CN112926169A

CN112926169A - Method for adjusting spring arrangement angle in Macpherson suspension

Info

Publication number: CN112926169A
Application number: CN201911234570.6A
Authority: CN
Inventors: 高壮; 王艺诺
Original assignee: Qoros Automotive Co Ltd
Current assignee: Qoros Automotive Co Ltd
Priority date: 2019-12-05
Filing date: 2019-12-05
Publication date: 2021-06-08
Anticipated expiration: 2039-12-05
Also published as: CN112926169B

Abstract

The invention discloses a method for adjusting the arrangement angle of a spring in a Macpherson suspension. The outer side of the macpherson suspension is connected to the tire and comprises: the adjusting method of the spring arrangement angle in the Macpherson suspension comprises the following steps: establishing an xyz coordinate system and designating a projection plane; in a projection plane, a mathematical model is established based on a lower swing arm coordinate of the lower swing arm, a spring coordinate of the spring, a tire coordinate of the tire, and a layout included angle of the spring and the shock absorber, and the mathematical model reflects the lateral compensation moment of the spring to the shock absorber. The lateral compensation moment of the spring to the shock absorber can be adjusted through adjusting the arrangement angle of the spring, so that the influence of the lateral force of the vehicle body on the shock absorber is reduced, the increase of the resistance of the shock absorber in the working stroke is avoided, and the working performance and the service life of the shock absorber are favorably improved.

Description

Method for adjusting spring arrangement angle in Macpherson suspension

Technical Field

The invention relates to the technical field of mechanical design, in particular to a method for adjusting the arrangement angle of a spring in a Macpherson suspension.

Background

In the macpherson suspension, a spring is arranged on a shock absorber, the resistance of the shock absorber in a working stroke can be increased due to the lateral force generated by the weight of a vehicle body, the influence of the lateral force of the vehicle body on the shock absorber can be effectively reduced by the arrangement angle of the spring on the shock absorber, but the influence is not reduced by designing the arrangement angle of the spring at present.

Disclosure of Invention

The present invention is directed to solving, at least to some extent, one of the above-mentioned problems in the prior art.

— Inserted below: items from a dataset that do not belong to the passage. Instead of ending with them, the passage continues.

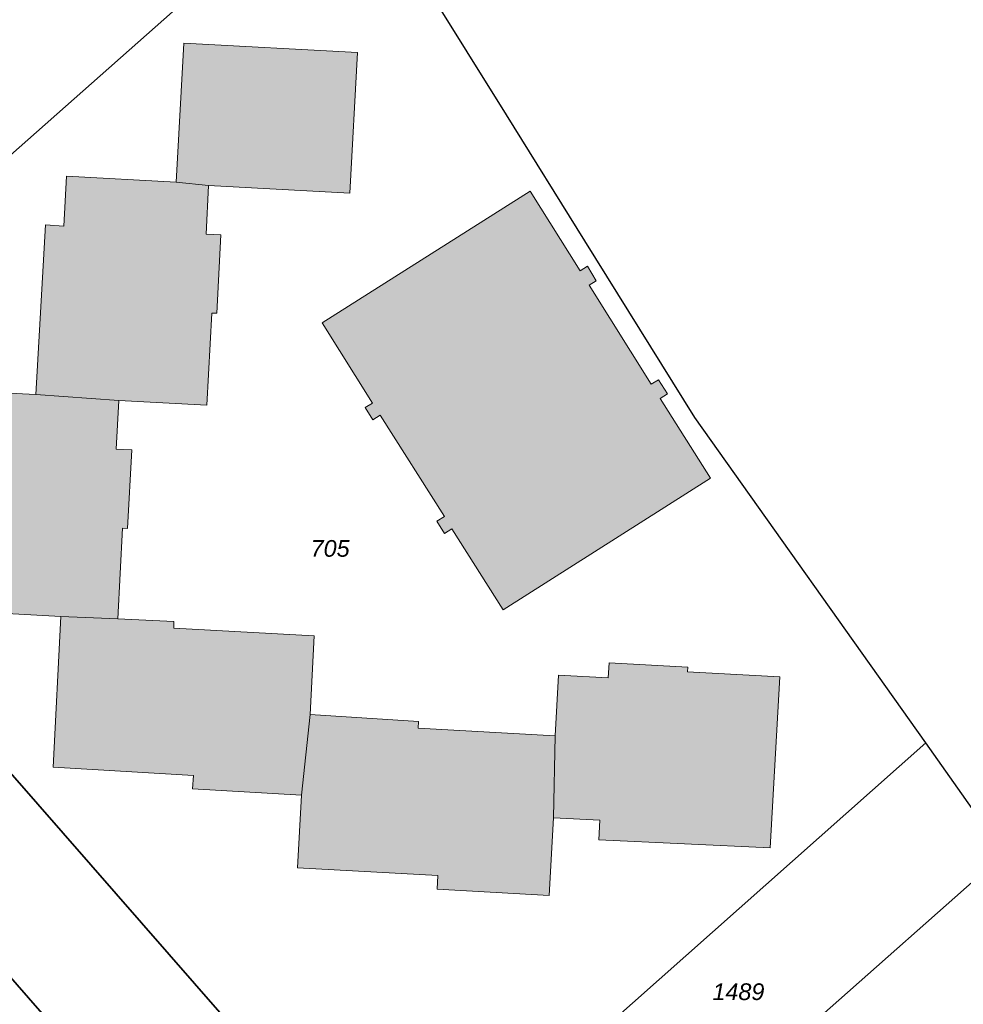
# Model space of a CAD drawing. Header units: metres. Extents: x 32338650 to 32340431, y 5701793 to 5703325.
# Tile 242 of 256: x 32340113 to 32340183, y 5702457 to 5702531. Entities that reach past the tile are written whole.
import ezdxf

# ---------------------------------------------------------------- set-up
doc = ezdxf.new("R2010")
doc.units = ezdxf.units.M
doc.header["$LTSCALE"] = 0.1
for name, color, linetype, lineweight, true_color in [('LPB-BE-Flurstück_Grenze', 7, 'Continuous', 70, 0x004c99), ('LPB-BE-Flurstück_Nummer', 7, 'Continuous', 70, 0x004c99), ('LPB-BE-Gebäude', 7, 'Continuous', 70, 0x004c99)]:
    doc.layers.add(name, color=color, linetype=linetype, lineweight=lineweight, true_color=true_color)
doc.styles.add('Arial (italic)', font='ariali.ttf')

msp = doc.modelspace()

# ---------------------------------------------------------------- hatches: boundary and pattern name
at = {"layer": 'LPB-BE-Gebäude', "linetype": 'Continuous', "lineweight": 0, "true_color": 0xc7c8ca}
for points in [[(32340124.447, 5702518.918), (32340126.868, 5702518.659), (32340137.442, 5702518.096), (32340138.013, 5702528.61), (32340125.024, 5702529.323), (32340124.447, 5702518.918)], [(32340124.447, 5702518.918), (32340126.868, 5702518.659), (32340137.442, 5702518.096), (32340138.013, 5702528.61), (32340125.024, 5702529.323), (32340124.447, 5702518.918)], [(32340126.868, 5702518.659), (32340124.447, 5702518.918), (32340116.24, 5702519.365), (32340116.036, 5702515.63), (32340114.659, 5702515.707), (32340113.948, 5702503.016), (32340120.144, 5702502.562), (32340126.744, 5702502.212), (32340127.117, 5702509.112), (32340127.487, 5702509.096), (32340127.787, 5702514.959), (32340126.679, 5702515.014), (32340126.868, 5702518.659)], [(32340126.868, 5702518.659), (32340124.447, 5702518.918), (32340116.24, 5702519.365), (32340116.036, 5702515.63), (32340114.659, 5702515.707), (32340113.948, 5702503.016), (32340120.144, 5702502.562), (32340126.744, 5702502.212), (32340127.117, 5702509.112), (32340127.487, 5702509.096), (32340127.787, 5702514.959), (32340126.679, 5702515.014), (32340126.868, 5702518.659)], [(32340143.96, 5702493.53), (32340144.534, 5702492.626), (32340145.088, 5702492.974), (32340148.922, 5702486.912), (32340164.427, 5702496.754), (32340160.669, 5702502.733), (32340161.223, 5702503.08), (32340160.536, 5702504.129), (32340160.002, 5702503.801), (32340155.352, 5702511.197), (32340155.886, 5702511.535), (32340155.23, 5702512.613), (32340154.685, 5702512.265), (32340150.928, 5702518.243), (32340135.363, 5702508.383), (32340139.15, 5702502.384), (32340138.595, 5702502.036), (32340139.168, 5702501.122), (32340139.723, 5702501.48), (32340144.525, 5702493.887), (32340143.96, 5702493.53)], [(32340143.96, 5702493.53), (32340144.534, 5702492.626), (32340145.088, 5702492.974), (32340148.922, 5702486.912), (32340164.427, 5702496.754), (32340160.669, 5702502.733), (32340161.223, 5702503.08), (32340160.536, 5702504.129), (32340160.002, 5702503.801), (32340155.352, 5702511.197), (32340155.886, 5702511.535), (32340155.23, 5702512.613), (32340154.685, 5702512.265), (32340150.928, 5702518.243), (32340135.363, 5702508.383), (32340139.15, 5702502.384), (32340138.595, 5702502.036), (32340139.168, 5702501.122), (32340139.723, 5702501.48), (32340144.525, 5702493.887), (32340143.96, 5702493.53)], [(32340120.144, 5702502.562), (32340113.948, 5702503.016), (32340109.475, 5702503.25), (32340109.281, 5702499.515), (32340107.924, 5702499.591), (32340107.252, 5702486.869), (32340115.809, 5702486.418), (32340120.075, 5702486.243), (32340120.433, 5702493.013), (32340120.802, 5702492.998), (32340121.114, 5702498.88), (32340119.945, 5702498.938), (32340120.144, 5702502.562)], [(32340120.144, 5702502.562), (32340113.948, 5702503.016), (32340109.475, 5702503.25), (32340109.281, 5702499.515), (32340107.924, 5702499.591), (32340107.252, 5702486.869), (32340115.809, 5702486.418), (32340120.075, 5702486.243), (32340120.433, 5702493.013), (32340120.802, 5702492.998), (32340121.114, 5702498.88), (32340119.945, 5702498.938), (32340120.144, 5702502.562)], [(32340125.728, 5702474.513), (32340125.667, 5702473.515), (32340133.823, 5702473.04), (32340134.461, 5702479.069), (32340134.773, 5702484.97), (32340124.259, 5702485.531), (32340124.279, 5702486.031), (32340120.075, 5702486.243), (32340115.809, 5702486.418), (32340115.236, 5702475.133), (32340125.728, 5702474.513)], [(32340125.728, 5702474.513), (32340125.667, 5702473.515), (32340133.823, 5702473.04), (32340134.461, 5702479.069), (32340134.773, 5702484.97), (32340124.259, 5702485.531), (32340124.279, 5702486.031), (32340120.075, 5702486.243), (32340115.809, 5702486.418), (32340115.236, 5702475.133), (32340125.728, 5702474.513)], [(32340156.082, 5702469.696), (32340168.906, 5702469.09), (32340169.621, 5702481.881), (32340162.711, 5702482.264), (32340162.736, 5702482.613), (32340156.855, 5702482.944), (32340156.789, 5702481.806), (32340153.065, 5702482.019), (32340152.808, 5702477.476), (32340152.677, 5702471.347), (32340156.162, 5702471.154), (32340156.082, 5702469.696)], [(32340156.082, 5702469.696), (32340168.906, 5702469.09), (32340169.621, 5702481.881), (32340162.711, 5702482.264), (32340162.736, 5702482.613), (32340156.855, 5702482.944), (32340156.789, 5702481.806), (32340153.065, 5702482.019), (32340152.808, 5702477.476), (32340152.677, 5702471.347), (32340156.162, 5702471.154), (32340156.082, 5702469.696)], [(32340143.972, 5702465.999), (32340152.359, 5702465.536), (32340152.677, 5702471.347), (32340152.808, 5702477.476), (32340142.545, 5702478.047), (32340142.575, 5702478.546), (32340134.461, 5702479.069), (32340133.823, 5702473.04), (32340133.53, 5702467.588), (32340144.024, 5702467.018), (32340143.972, 5702465.999)], [(32340143.972, 5702465.999), (32340152.359, 5702465.536), (32340152.677, 5702471.347), (32340152.808, 5702477.476), (32340142.545, 5702478.047), (32340142.575, 5702478.546), (32340134.461, 5702479.069), (32340133.823, 5702473.04), (32340133.53, 5702467.588), (32340144.024, 5702467.018), (32340143.972, 5702465.999)]]:
    msp.add_hatch(color=9, dxfattribs=at).paths.add_polyline_path(points)

# ---------------------------------------------------------------- linework, layer by layer
at = {"layer": 'LPB-BE-Flurstück_Grenze', "color": 253, "linetype": 'Continuous', "lineweight": 25, "true_color": 0xadadad, "transparency": 33554687, "flags": 128}
for points in [[(32340037.852, 5702455.379), (32340040.852, 5702458.018), (32340042.721, 5702459.673), (32340055.12, 5702470.633), (32340072.283, 5702485.791), (32340077.9, 5702490.754), (32340081.67, 5702494.082), (32340082.044, 5702494.417), (32340092.947, 5702504.067), (32340137.17, 5702543.186)], [(32340037.852, 5702455.379), (32340040.852, 5702458.018), (32340042.721, 5702459.673), (32340055.12, 5702470.633), (32340072.283, 5702485.791), (32340077.9, 5702490.754), (32340081.67, 5702494.082), (32340082.044, 5702494.417), (32340092.947, 5702504.067), (32340137.17, 5702543.186)], [(32340137.17, 5702543.186), (32340092.947, 5702504.067), (32340092.488, 5702503.603), (32340092.093, 5702503.083), (32340091.77, 5702502.516), (32340091.523, 5702501.912), (32340091.357, 5702501.281), (32340091.275, 5702500.633), (32340091.278, 5702499.982), (32340091.365, 5702499.337), (32340091.535, 5702498.709), (32340091.785, 5702498.109), (32340092.111, 5702497.546), (32340092.508, 5702497.03), (32340137.538, 5702445.518)], [(32340137.17, 5702543.186), (32340092.947, 5702504.067), (32340092.488, 5702503.603), (32340092.093, 5702503.083), (32340091.77, 5702502.516), (32340091.523, 5702501.912), (32340091.357, 5702501.281), (32340091.275, 5702500.633), (32340091.278, 5702499.982), (32340091.365, 5702499.337), (32340091.535, 5702498.709), (32340091.785, 5702498.109), (32340092.111, 5702497.546), (32340092.508, 5702497.03), (32340137.538, 5702445.518)], [(32340137.538, 5702445.518), (32340138.005, 5702445.055), (32340138.528, 5702444.656), (32340139.097, 5702444.326), (32340139.704, 5702444.072), (32340140.339, 5702443.898), (32340140.99, 5702443.806), (32340141.648, 5702443.809), (32340142.299, 5702443.899), (32340142.933, 5702444.073), (32340143.539, 5702444.329), (32340144.106, 5702444.663), (32340144.624, 5702445.068), (32340180.546, 5702476.939), (32340163.272, 5702501.305), (32340155.038, 5702514.532), (32340149.17, 5702523.94), (32340143.274, 5702533.408)], [(32340137.538, 5702445.518), (32340138.005, 5702445.055), (32340138.528, 5702444.656), (32340139.097, 5702444.326), (32340139.704, 5702444.072), (32340140.339, 5702443.898), (32340140.99, 5702443.806), (32340141.648, 5702443.809), (32340142.299, 5702443.899), (32340142.933, 5702444.073), (32340143.539, 5702444.329), (32340144.106, 5702444.663), (32340144.624, 5702445.068), (32340180.546, 5702476.939), (32340163.272, 5702501.305), (32340155.038, 5702514.532), (32340149.17, 5702523.94), (32340143.274, 5702533.408)], [(32340137.538, 5702445.518), (32340092.508, 5702497.03), (32340092.111, 5702497.546), (32340091.785, 5702498.109), (32340091.535, 5702498.709), (32340091.365, 5702499.337), (32340091.278, 5702499.982), (32340091.275, 5702500.633), (32340091.357, 5702501.281), (32340091.523, 5702501.912), (32340091.77, 5702502.516), (32340092.093, 5702503.083), (32340092.488, 5702503.603), (32340092.947, 5702504.067), (32340082.044, 5702494.417), (32340081.67, 5702494.082), (32340077.9, 5702490.754)], [(32340137.538, 5702445.518), (32340092.508, 5702497.03), (32340092.111, 5702497.546), (32340091.785, 5702498.109), (32340091.535, 5702498.709), (32340091.365, 5702499.337), (32340091.278, 5702499.982), (32340091.275, 5702500.633), (32340091.357, 5702501.281), (32340091.523, 5702501.912), (32340091.77, 5702502.516), (32340092.093, 5702503.083), (32340092.488, 5702503.603), (32340092.947, 5702504.067), (32340082.044, 5702494.417), (32340081.67, 5702494.082), (32340077.9, 5702490.754)], [(32340077.9, 5702490.754), (32340078.421, 5702491.157), (32340078.99, 5702491.488), (32340079.598, 5702491.742), (32340080.233, 5702491.915), (32340080.886, 5702492.003), (32340081.544, 5702492.006), (32340082.196, 5702491.92), (32340082.831, 5702491.748), (32340083.437, 5702491.495), (32340084.005, 5702491.164), (32340084.525, 5702490.761), (32340084.987, 5702490.293), (32340096.457, 5702477.194), (32340101.103, 5702471.89), (32340106.867, 5702465.309), (32340111.513, 5702460.005), (32340117.315, 5702453.372)], [(32340077.9, 5702490.754), (32340078.421, 5702491.157), (32340078.99, 5702491.488), (32340079.598, 5702491.742), (32340080.233, 5702491.915), (32340080.886, 5702492.003), (32340081.544, 5702492.006), (32340082.196, 5702491.92), (32340082.831, 5702491.748), (32340083.437, 5702491.495), (32340084.005, 5702491.164), (32340084.525, 5702490.761), (32340084.987, 5702490.293), (32340096.457, 5702477.194), (32340101.103, 5702471.89), (32340106.867, 5702465.309), (32340111.513, 5702460.005), (32340117.315, 5702453.372)], [(32340171.862, 5702455.759), (32340186.42, 5702468.643), (32340180.546, 5702476.939), (32340144.624, 5702445.068)], [(32340171.862, 5702455.759), (32340186.42, 5702468.643), (32340180.546, 5702476.939), (32340144.624, 5702445.068)], [(32340186.42, 5702468.643), (32340171.862, 5702455.759), (32340189.66, 5702434.695), (32340202.51, 5702443.965), (32340203.314, 5702444.543), (32340186.42, 5702468.643)], [(32340186.42, 5702468.643), (32340171.862, 5702455.759), (32340189.66, 5702434.695), (32340202.51, 5702443.965), (32340203.314, 5702444.543), (32340186.42, 5702468.643)], [(32340093.798, 5702434.812), (32340098.328, 5702436.933), (32340105.534, 5702443.166), (32340106.246, 5702443.781), (32340113.165, 5702449.77), (32340117.315, 5702453.372), (32340111.513, 5702460.005), (32340107.363, 5702456.402), (32340100.532, 5702450.409), (32340099.827, 5702449.791), (32340094.494, 5702445.113), (32340089.951, 5702443.016), (32340093.798, 5702434.812)], [(32340093.798, 5702434.812), (32340098.328, 5702436.933), (32340105.534, 5702443.166), (32340106.246, 5702443.781), (32340113.165, 5702449.77), (32340117.315, 5702453.372), (32340111.513, 5702460.005), (32340107.363, 5702456.402), (32340100.532, 5702450.409), (32340099.827, 5702449.791), (32340094.494, 5702445.113), (32340089.951, 5702443.016), (32340093.798, 5702434.812)]]:
    msp.add_lwpolyline(points, dxfattribs=at)
at = {"layer": 'LPB-BE-Gebäude', "color": 7, "linetype": 'Continuous', "lineweight": 9, "flags": 128}
for points in [[(32340124.447, 5702518.918), (32340126.868, 5702518.659), (32340137.442, 5702518.096), (32340138.013, 5702528.61), (32340125.024, 5702529.323), (32340124.447, 5702518.918)], [(32340124.447, 5702518.918), (32340126.868, 5702518.659), (32340137.442, 5702518.096), (32340138.013, 5702528.61), (32340125.024, 5702529.323), (32340124.447, 5702518.918)], [(32340126.868, 5702518.659), (32340124.447, 5702518.918), (32340116.24, 5702519.365), (32340116.036, 5702515.63), (32340114.659, 5702515.707), (32340113.948, 5702503.016), (32340120.144, 5702502.562), (32340126.744, 5702502.212), (32340127.117, 5702509.112), (32340127.487, 5702509.096), (32340127.787, 5702514.959), (32340126.679, 5702515.014), (32340126.868, 5702518.659)], [(32340126.868, 5702518.659), (32340124.447, 5702518.918), (32340116.24, 5702519.365), (32340116.036, 5702515.63), (32340114.659, 5702515.707), (32340113.948, 5702503.016), (32340120.144, 5702502.562), (32340126.744, 5702502.212), (32340127.117, 5702509.112), (32340127.487, 5702509.096), (32340127.787, 5702514.959), (32340126.679, 5702515.014), (32340126.868, 5702518.659)], [(32340143.96, 5702493.53), (32340144.534, 5702492.626), (32340145.088, 5702492.974), (32340148.922, 5702486.912), (32340164.427, 5702496.754), (32340160.669, 5702502.733), (32340161.223, 5702503.08), (32340160.536, 5702504.129), (32340160.002, 5702503.801), (32340155.352, 5702511.197), (32340155.886, 5702511.535), (32340155.23, 5702512.613), (32340154.685, 5702512.265), (32340150.928, 5702518.243), (32340135.363, 5702508.383), (32340139.15, 5702502.384), (32340138.595, 5702502.036), (32340139.168, 5702501.122), (32340139.723, 5702501.48), (32340144.525, 5702493.887), (32340143.96, 5702493.53)], [(32340143.96, 5702493.53), (32340144.534, 5702492.626), (32340145.088, 5702492.974), (32340148.922, 5702486.912), (32340164.427, 5702496.754), (32340160.669, 5702502.733), (32340161.223, 5702503.08), (32340160.536, 5702504.129), (32340160.002, 5702503.801), (32340155.352, 5702511.197), (32340155.886, 5702511.535), (32340155.23, 5702512.613), (32340154.685, 5702512.265), (32340150.928, 5702518.243), (32340135.363, 5702508.383), (32340139.15, 5702502.384), (32340138.595, 5702502.036), (32340139.168, 5702501.122), (32340139.723, 5702501.48), (32340144.525, 5702493.887), (32340143.96, 5702493.53)], [(32340120.144, 5702502.562), (32340113.948, 5702503.016), (32340109.475, 5702503.25), (32340109.281, 5702499.515), (32340107.924, 5702499.591), (32340107.252, 5702486.869), (32340115.809, 5702486.418), (32340120.075, 5702486.243), (32340120.433, 5702493.013), (32340120.802, 5702492.998), (32340121.114, 5702498.88), (32340119.945, 5702498.938), (32340120.144, 5702502.562)], [(32340120.144, 5702502.562), (32340113.948, 5702503.016), (32340109.475, 5702503.25), (32340109.281, 5702499.515), (32340107.924, 5702499.591), (32340107.252, 5702486.869), (32340115.809, 5702486.418), (32340120.075, 5702486.243), (32340120.433, 5702493.013), (32340120.802, 5702492.998), (32340121.114, 5702498.88), (32340119.945, 5702498.938), (32340120.144, 5702502.562)], [(32340125.728, 5702474.513), (32340125.667, 5702473.515), (32340133.823, 5702473.04), (32340134.461, 5702479.069), (32340134.773, 5702484.97), (32340124.259, 5702485.531), (32340124.279, 5702486.031), (32340120.075, 5702486.243), (32340115.809, 5702486.418), (32340115.236, 5702475.133), (32340125.728, 5702474.513)], [(32340125.728, 5702474.513), (32340125.667, 5702473.515), (32340133.823, 5702473.04), (32340134.461, 5702479.069), (32340134.773, 5702484.97), (32340124.259, 5702485.531), (32340124.279, 5702486.031), (32340120.075, 5702486.243), (32340115.809, 5702486.418), (32340115.236, 5702475.133), (32340125.728, 5702474.513)], [(32340156.082, 5702469.696), (32340168.906, 5702469.09), (32340169.621, 5702481.881), (32340162.711, 5702482.264), (32340162.736, 5702482.613), (32340156.855, 5702482.944), (32340156.789, 5702481.806), (32340153.065, 5702482.019), (32340152.808, 5702477.476), (32340152.677, 5702471.347), (32340156.162, 5702471.154), (32340156.082, 5702469.696)], [(32340156.082, 5702469.696), (32340168.906, 5702469.09), (32340169.621, 5702481.881), (32340162.711, 5702482.264), (32340162.736, 5702482.613), (32340156.855, 5702482.944), (32340156.789, 5702481.806), (32340153.065, 5702482.019), (32340152.808, 5702477.476), (32340152.677, 5702471.347), (32340156.162, 5702471.154), (32340156.082, 5702469.696)], [(32340143.972, 5702465.999), (32340152.359, 5702465.536), (32340152.677, 5702471.347), (32340152.808, 5702477.476), (32340142.545, 5702478.047), (32340142.575, 5702478.546), (32340134.461, 5702479.069), (32340133.823, 5702473.04), (32340133.53, 5702467.588), (32340144.024, 5702467.018), (32340143.972, 5702465.999)], [(32340143.972, 5702465.999), (32340152.359, 5702465.536), (32340152.677, 5702471.347), (32340152.808, 5702477.476), (32340142.545, 5702478.047), (32340142.575, 5702478.546), (32340134.461, 5702479.069), (32340133.823, 5702473.04), (32340133.53, 5702467.588), (32340144.024, 5702467.018), (32340143.972, 5702465.999)]]:
    msp.add_lwpolyline(points, dxfattribs=at)

# ---------------------------------------------------------------- texts
at = {"layer": 'LPB-BE-Flurstück_Nummer', "color": 252, "true_color": 0x888888, "char_height": 1.25, "attachment_point": 2, "line_spacing_factor": 1.004016, "style": 'Arial (italic)'}
for s, insert, width in [('705', (32340135.966, 5702492.126), 4.09125), ('705', (32340135.966, 5702492.126), 4.09125), ('1489', (32340166.527, 5702458.949), 5.420625), ('1489', (32340166.527, 5702458.949), 5.420625)]:
    msp.add_mtext(s, dxfattribs=dict(at, insert=insert, width=width))

doc.saveas('drawing.dxf')

Therefore, the invention provides a method for adjusting the arrangement angle of a spring in a Macpherson suspension, and provides a mathematical model which can guide the design of the arrangement angle of the spring so as to reduce the influence of the lateral force of a vehicle body on a shock absorber.

The outer side of the macpherson suspension is connected to the tire and comprises: the adjusting method of the spring arrangement angle in the Macpherson suspension comprises the following steps: establishing an xyz coordinate system and designating a projection plane; obtaining a lower swing arm coordinate of the lower swing arm, a spring coordinate of the spring, a tire coordinate of the tire and an arrangement included angle between the spring and the shock absorber in the projection plane; and establishing a mathematical model based on the lower swing arm coordinate, the spring coordinate, the tire coordinate and the arrangement included angle, wherein the mathematical model reflects the lateral compensation moment of the spring to the shock absorber.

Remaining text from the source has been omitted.